[Saved data entries]

****************

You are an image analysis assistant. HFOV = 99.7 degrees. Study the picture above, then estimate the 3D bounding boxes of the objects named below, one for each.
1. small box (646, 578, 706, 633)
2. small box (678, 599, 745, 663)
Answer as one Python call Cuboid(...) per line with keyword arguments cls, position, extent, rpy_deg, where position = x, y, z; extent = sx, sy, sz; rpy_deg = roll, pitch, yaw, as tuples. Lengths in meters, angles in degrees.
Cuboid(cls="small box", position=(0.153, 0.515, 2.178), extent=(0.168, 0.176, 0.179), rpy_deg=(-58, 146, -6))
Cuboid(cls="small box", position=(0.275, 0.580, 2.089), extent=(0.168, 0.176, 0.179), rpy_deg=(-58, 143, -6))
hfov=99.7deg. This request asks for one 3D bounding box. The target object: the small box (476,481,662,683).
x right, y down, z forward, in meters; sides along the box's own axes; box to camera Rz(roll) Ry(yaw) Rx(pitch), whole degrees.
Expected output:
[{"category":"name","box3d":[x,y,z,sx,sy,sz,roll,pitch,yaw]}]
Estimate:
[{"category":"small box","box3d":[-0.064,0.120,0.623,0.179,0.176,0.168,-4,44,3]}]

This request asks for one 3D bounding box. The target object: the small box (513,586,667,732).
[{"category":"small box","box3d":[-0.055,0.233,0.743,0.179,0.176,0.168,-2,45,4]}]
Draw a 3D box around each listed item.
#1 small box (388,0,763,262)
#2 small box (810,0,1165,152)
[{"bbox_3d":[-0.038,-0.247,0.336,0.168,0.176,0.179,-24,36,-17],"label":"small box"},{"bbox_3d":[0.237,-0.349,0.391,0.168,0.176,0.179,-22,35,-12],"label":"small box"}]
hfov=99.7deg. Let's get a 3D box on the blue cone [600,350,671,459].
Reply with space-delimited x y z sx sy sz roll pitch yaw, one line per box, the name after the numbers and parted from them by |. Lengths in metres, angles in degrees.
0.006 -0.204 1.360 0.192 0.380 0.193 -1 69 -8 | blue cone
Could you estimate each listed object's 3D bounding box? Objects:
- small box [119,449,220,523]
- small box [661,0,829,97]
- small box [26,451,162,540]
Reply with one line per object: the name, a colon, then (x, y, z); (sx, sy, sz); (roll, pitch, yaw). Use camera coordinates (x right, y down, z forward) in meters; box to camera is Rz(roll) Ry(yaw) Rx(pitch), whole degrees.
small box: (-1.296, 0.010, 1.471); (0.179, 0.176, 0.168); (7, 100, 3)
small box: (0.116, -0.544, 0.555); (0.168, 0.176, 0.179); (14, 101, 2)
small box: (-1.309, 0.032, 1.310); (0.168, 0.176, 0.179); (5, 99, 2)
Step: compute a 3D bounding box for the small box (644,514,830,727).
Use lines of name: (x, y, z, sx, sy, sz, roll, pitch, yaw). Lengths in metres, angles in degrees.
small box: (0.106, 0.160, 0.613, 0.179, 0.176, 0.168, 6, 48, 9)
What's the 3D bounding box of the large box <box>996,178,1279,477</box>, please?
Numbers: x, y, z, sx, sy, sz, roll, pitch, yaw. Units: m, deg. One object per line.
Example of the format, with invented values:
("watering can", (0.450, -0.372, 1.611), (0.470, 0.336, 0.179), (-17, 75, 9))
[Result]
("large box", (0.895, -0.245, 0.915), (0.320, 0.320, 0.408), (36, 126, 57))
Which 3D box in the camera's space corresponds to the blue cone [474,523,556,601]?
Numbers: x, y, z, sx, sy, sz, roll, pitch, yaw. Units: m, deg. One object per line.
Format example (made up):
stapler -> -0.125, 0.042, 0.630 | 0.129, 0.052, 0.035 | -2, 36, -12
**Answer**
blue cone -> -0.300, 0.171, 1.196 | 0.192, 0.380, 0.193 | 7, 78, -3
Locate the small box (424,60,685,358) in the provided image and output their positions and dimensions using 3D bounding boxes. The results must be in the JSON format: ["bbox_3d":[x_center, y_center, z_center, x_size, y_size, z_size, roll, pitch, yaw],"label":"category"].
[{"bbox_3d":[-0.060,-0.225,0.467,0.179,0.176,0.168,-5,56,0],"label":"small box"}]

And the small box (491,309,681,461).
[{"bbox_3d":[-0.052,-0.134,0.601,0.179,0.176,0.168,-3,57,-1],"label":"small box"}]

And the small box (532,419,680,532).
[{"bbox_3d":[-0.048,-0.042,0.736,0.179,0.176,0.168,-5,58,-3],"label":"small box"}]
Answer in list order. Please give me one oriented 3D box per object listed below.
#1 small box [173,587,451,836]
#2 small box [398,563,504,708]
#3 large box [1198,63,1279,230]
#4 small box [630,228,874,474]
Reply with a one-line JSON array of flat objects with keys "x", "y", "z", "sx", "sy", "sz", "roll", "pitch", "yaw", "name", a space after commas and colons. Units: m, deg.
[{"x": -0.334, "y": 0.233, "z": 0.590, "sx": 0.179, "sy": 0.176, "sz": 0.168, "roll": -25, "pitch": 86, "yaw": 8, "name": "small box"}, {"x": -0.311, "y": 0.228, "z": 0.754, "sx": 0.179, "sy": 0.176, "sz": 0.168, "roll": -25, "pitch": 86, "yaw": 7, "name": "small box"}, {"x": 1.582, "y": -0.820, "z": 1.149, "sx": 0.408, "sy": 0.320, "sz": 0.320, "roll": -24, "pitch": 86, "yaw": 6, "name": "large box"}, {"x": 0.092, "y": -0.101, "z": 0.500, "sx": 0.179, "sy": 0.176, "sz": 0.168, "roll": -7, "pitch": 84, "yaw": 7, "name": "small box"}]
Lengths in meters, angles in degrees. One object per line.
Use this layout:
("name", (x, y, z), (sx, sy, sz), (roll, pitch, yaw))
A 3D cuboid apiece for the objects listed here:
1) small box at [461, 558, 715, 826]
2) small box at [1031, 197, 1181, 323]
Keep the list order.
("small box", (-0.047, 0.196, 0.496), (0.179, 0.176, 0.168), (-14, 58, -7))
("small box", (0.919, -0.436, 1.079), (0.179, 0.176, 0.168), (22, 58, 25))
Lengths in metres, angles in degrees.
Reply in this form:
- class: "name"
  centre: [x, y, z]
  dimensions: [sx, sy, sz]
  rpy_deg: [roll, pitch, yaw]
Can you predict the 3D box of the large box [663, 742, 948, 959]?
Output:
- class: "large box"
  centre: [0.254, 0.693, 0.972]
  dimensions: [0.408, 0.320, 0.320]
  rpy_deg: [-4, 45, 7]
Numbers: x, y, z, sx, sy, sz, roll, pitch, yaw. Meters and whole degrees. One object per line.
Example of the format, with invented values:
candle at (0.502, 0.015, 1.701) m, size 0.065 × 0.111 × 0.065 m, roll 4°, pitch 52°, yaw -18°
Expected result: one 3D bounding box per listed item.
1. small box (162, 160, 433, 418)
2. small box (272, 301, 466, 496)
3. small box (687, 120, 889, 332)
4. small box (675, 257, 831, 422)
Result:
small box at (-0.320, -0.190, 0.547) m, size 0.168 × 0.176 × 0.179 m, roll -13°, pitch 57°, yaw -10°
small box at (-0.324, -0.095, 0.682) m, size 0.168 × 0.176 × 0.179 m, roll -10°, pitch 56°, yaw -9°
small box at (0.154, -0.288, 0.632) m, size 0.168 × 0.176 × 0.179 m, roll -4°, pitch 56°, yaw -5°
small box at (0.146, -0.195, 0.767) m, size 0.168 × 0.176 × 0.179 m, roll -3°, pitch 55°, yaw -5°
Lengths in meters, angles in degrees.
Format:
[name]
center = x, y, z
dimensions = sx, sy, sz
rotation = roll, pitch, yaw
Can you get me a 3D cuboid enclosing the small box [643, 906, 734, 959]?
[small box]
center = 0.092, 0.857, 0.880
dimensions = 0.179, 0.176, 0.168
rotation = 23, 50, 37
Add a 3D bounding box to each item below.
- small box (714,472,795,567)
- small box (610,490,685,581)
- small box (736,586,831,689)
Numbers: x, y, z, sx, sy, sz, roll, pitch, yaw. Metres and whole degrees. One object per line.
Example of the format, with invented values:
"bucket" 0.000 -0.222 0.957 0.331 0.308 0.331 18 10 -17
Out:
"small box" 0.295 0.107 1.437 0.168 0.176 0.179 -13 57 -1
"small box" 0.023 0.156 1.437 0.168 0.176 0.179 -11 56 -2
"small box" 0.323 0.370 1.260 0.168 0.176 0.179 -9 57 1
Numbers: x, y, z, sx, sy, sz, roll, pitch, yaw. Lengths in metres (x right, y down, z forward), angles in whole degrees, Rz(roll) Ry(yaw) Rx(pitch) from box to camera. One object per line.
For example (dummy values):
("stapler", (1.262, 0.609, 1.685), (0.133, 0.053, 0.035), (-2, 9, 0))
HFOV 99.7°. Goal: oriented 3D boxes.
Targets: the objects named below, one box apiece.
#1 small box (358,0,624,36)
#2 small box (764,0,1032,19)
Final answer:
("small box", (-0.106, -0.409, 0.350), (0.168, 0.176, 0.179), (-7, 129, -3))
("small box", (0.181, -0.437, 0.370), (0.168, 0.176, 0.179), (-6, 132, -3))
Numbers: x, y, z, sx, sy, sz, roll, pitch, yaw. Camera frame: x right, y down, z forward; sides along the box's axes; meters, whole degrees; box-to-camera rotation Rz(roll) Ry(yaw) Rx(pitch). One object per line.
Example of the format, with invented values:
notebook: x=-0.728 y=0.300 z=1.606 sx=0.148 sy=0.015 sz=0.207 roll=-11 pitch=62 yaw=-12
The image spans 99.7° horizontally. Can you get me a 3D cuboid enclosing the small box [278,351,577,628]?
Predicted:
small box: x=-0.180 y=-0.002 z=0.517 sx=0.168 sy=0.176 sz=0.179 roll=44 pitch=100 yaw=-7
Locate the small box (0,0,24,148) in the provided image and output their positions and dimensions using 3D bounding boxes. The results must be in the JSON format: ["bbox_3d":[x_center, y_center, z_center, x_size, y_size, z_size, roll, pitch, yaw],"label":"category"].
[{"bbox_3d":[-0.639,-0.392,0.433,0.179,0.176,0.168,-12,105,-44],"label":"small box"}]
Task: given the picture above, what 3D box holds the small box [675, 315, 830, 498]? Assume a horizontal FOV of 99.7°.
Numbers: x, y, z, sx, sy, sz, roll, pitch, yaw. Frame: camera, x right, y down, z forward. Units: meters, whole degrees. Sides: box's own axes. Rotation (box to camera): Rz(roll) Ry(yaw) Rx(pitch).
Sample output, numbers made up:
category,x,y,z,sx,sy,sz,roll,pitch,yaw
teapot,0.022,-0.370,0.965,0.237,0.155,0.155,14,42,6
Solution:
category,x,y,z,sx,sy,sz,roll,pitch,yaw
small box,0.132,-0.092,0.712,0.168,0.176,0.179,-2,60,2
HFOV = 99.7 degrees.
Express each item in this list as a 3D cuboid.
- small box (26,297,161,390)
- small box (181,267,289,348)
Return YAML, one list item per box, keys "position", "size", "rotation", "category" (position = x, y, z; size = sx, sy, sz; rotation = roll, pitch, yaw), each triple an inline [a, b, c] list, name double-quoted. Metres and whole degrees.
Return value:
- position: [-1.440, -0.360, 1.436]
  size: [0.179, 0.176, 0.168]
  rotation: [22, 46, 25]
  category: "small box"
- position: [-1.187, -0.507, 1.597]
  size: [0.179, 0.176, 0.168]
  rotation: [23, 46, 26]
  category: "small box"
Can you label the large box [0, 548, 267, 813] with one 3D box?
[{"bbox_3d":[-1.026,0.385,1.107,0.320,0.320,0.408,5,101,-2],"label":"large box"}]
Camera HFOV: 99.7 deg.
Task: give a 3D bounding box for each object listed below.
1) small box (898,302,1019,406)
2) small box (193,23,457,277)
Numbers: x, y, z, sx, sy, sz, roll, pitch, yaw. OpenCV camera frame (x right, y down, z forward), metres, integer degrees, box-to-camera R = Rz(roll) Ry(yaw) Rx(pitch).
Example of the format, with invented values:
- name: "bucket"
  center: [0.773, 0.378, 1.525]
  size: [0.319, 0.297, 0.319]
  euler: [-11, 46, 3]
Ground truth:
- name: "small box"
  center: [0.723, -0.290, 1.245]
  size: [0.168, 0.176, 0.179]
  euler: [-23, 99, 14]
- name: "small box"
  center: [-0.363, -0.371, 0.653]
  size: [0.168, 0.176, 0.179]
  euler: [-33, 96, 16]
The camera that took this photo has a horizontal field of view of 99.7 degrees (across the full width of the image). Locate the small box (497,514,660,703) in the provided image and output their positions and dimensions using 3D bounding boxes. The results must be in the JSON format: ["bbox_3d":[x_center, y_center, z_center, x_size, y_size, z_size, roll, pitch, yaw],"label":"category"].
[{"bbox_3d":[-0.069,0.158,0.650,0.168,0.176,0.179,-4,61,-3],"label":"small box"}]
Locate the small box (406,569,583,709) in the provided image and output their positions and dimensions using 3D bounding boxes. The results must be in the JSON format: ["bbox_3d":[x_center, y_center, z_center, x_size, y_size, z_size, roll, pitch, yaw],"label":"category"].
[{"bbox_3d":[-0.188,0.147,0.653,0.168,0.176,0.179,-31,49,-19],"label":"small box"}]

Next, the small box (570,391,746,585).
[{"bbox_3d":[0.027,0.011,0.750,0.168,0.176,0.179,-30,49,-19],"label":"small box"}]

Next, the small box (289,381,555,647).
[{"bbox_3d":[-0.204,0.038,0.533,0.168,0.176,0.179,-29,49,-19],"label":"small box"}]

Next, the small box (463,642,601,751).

****************

* YOUR GOAL
Search the records above for the string "picture". Copy every line that contains it.

* SOLUTION TO THE EXERCISE
You are an image analysis assistant. HFOV = 99.7 degrees. Study the picture above, then estimate the 3D bounding boxes of the objects named below, one for each.
Task: given the picture above, what 3D box holds the small box [675, 315, 830, 498]? Assume a horizontal FOV of 99.7°.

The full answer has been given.